Something that's left out of a lot of the news coverage of this: it's not a law but a development condition attached to the particular property that Facebook is occupying. When a real-estate developer wants to develop a piece of property, there's a complex negotiation with the local municipality (or county, if it's in unincorporated land) that includes things like contracting for water/sewer/garbage services, how to ensure there's adequate police & fire coverage, how the town will build new roads to handle traffic generated from the property, what's the impact on schools & community services, and what types of dwellings & permitted uses are available for the property (you can't build a skyscraper in the path of SJC airport, for example, nor can you build a chip fab on residential land). Written into that contract is the cafeteria clause under discussion here. While I have some doubts about whether this is a good thing (I've got another comment here where I expressed mixed feelings), it's a contract and not a law, and obviously Facebook has felt that the restriction is not too onerous for the building to be worth occupying.


...Facebook has felt that the restriction is not too onerous for the building to be worth occupying.
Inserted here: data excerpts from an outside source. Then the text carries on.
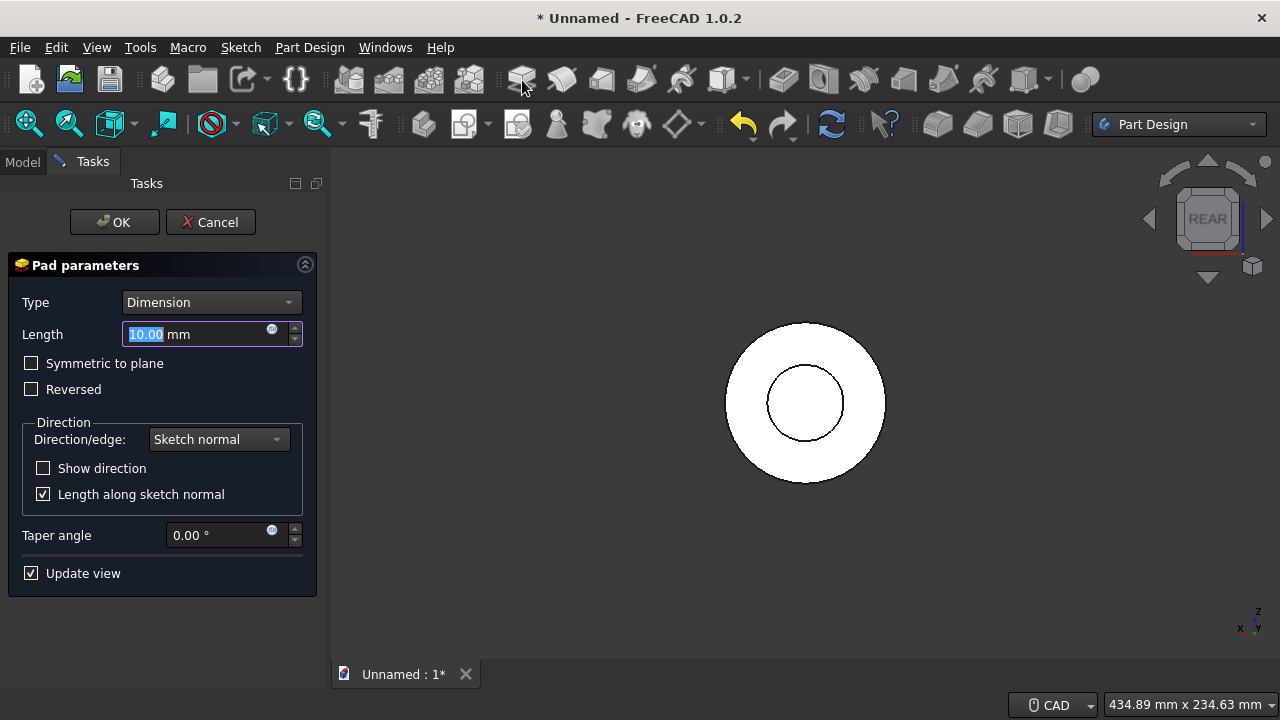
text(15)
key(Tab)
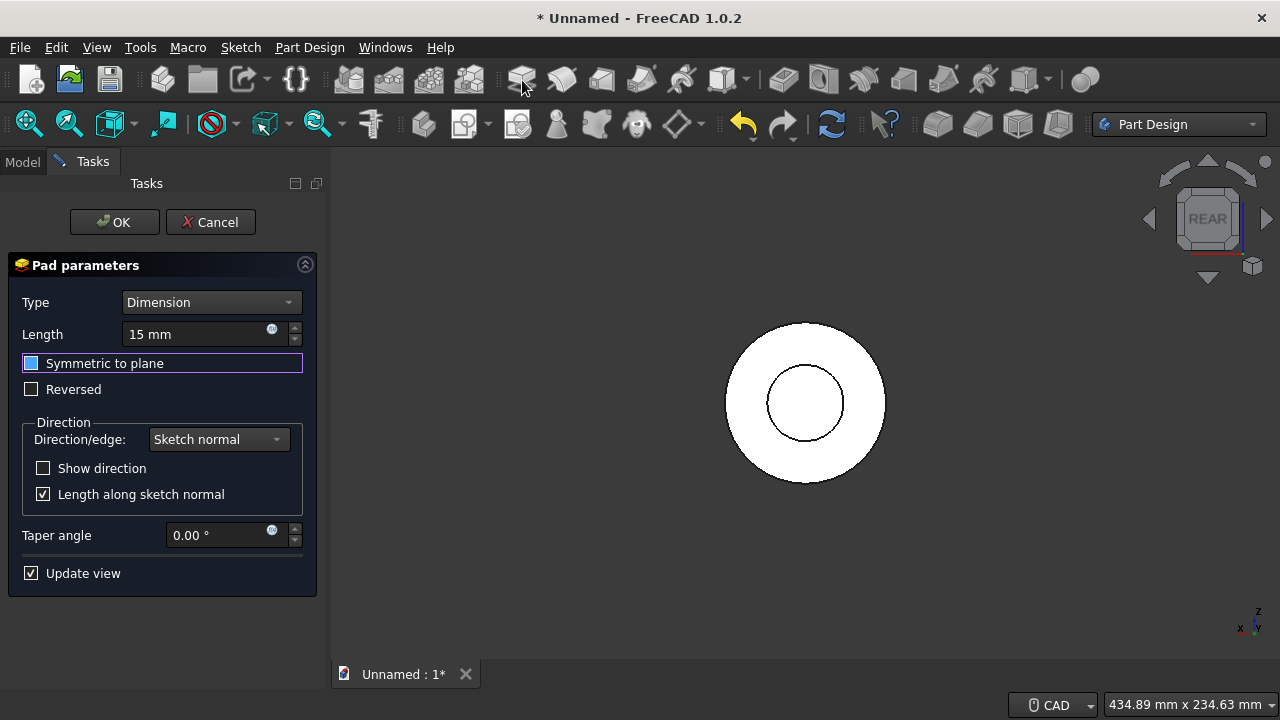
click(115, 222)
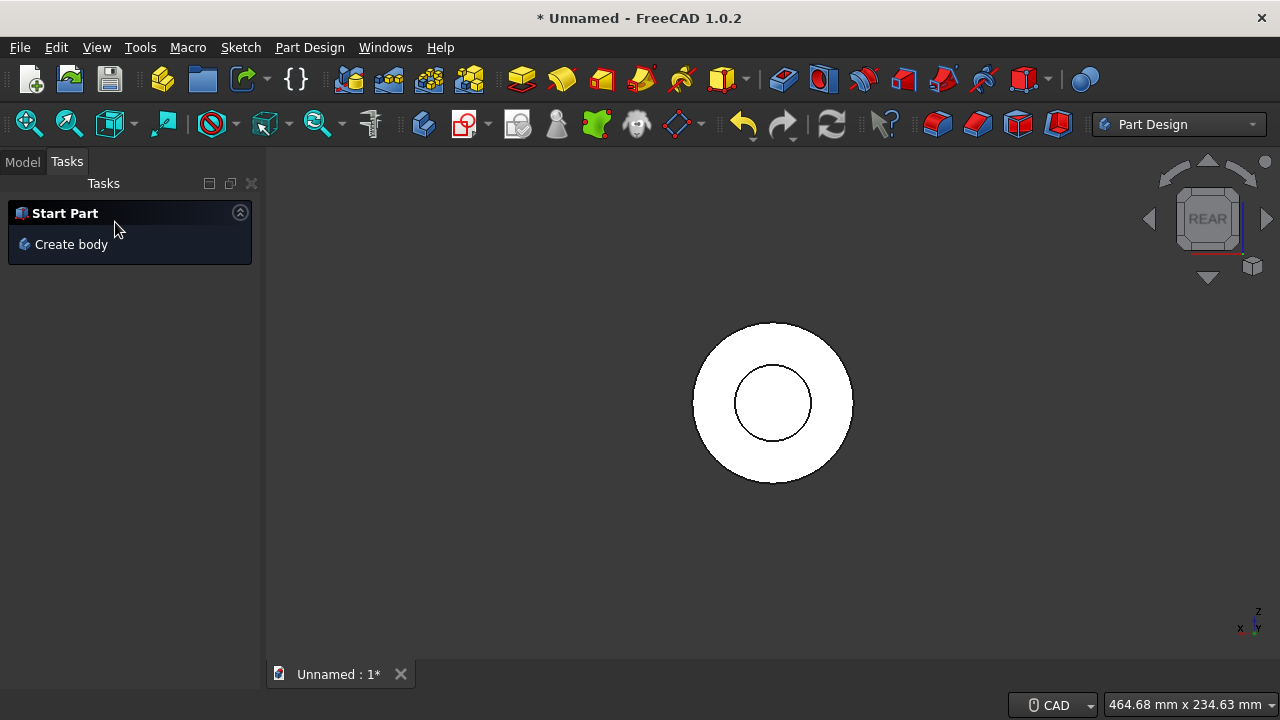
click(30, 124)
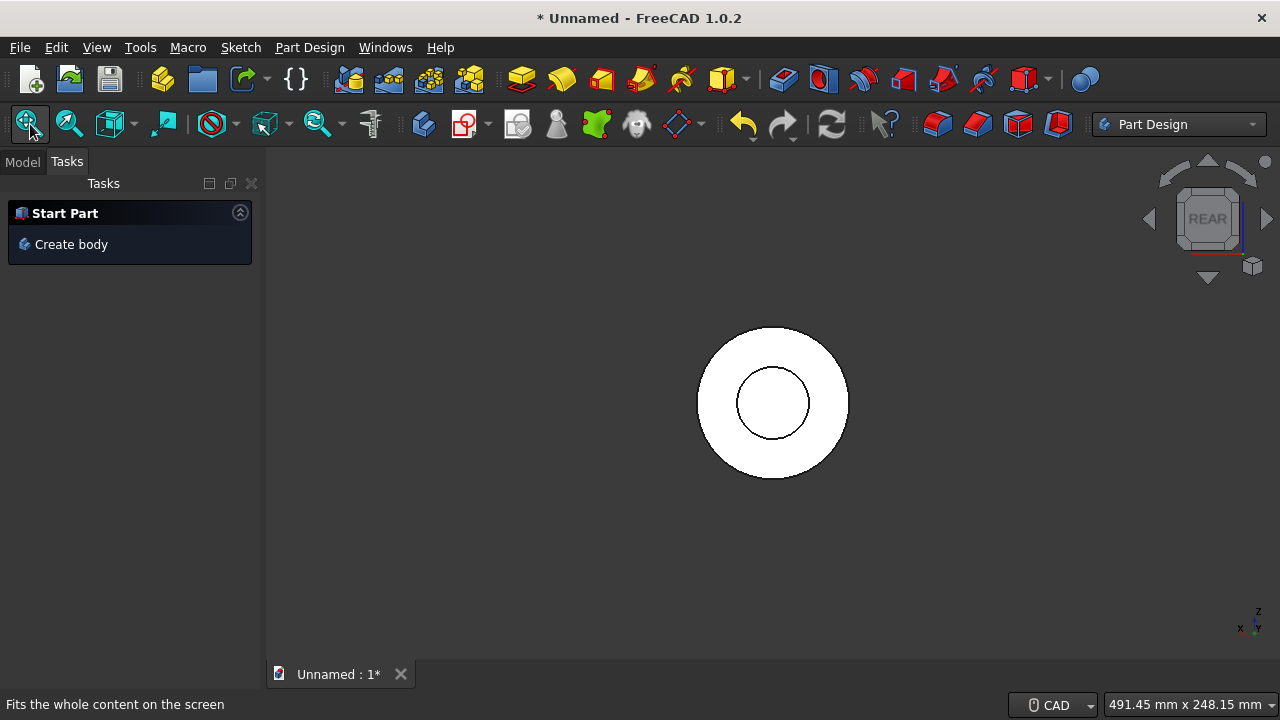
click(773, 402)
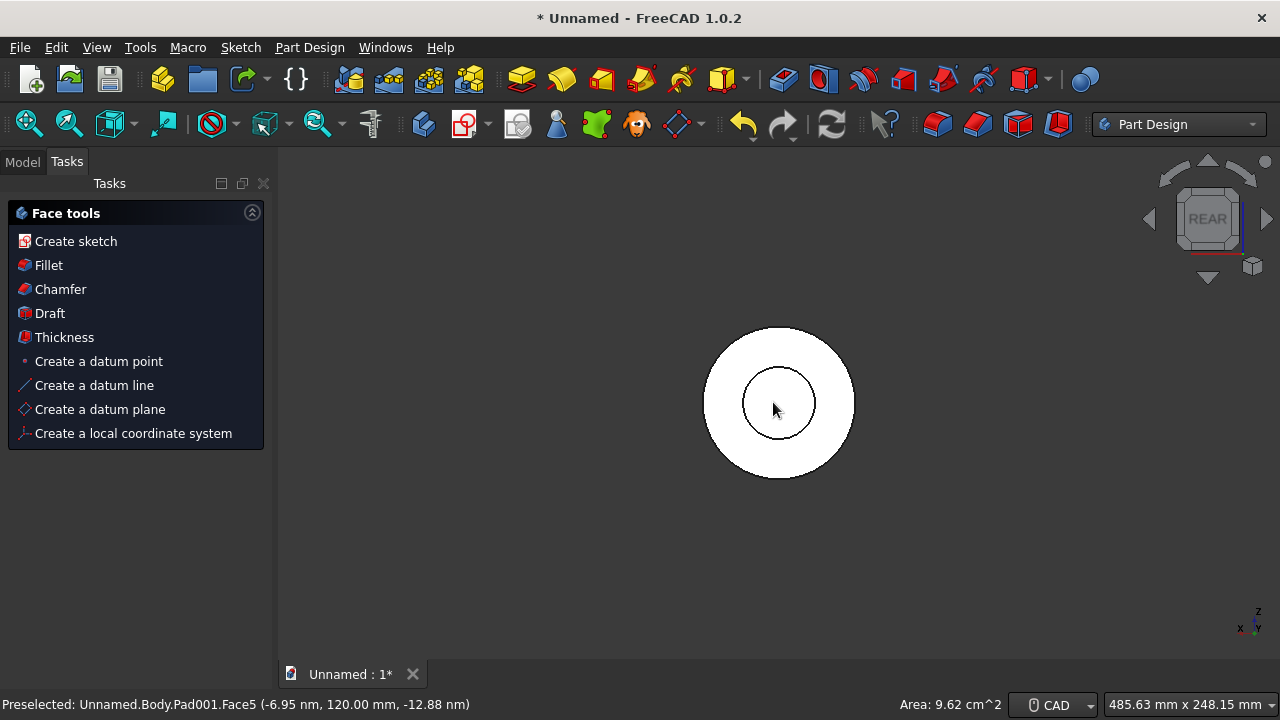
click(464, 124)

Perhaps originally they thought they could inspire enough of a public outcry like that seen in this thread to get the rules relaxed eventually... with their recent PR troubles that probably won't happen.


I'd bet that it's honestly not that important to them. They'll probably forego the cafeteria and just let their highly-paid employees buy lunch the way 99% of the population does. It won't be a popular building to work at, but if you work at Facebook, are you really gonna quit because you work at an office without a cafe? You've probably got bigger things on your mind, like the 20% drop in the stock price that happened today.


This is an informative comment, thanks.

It does make more sense for a development like the Village, but I'm still concerned about the encroaching and escalating intrusion of local lawmakers in a benefit employers wish to provide their employees.


On the other hand, I live far away and the YouTubes would be entertaining. Please do this, Google.


Umm that already happens.

It is just that they are paid by Google instead of individual employees.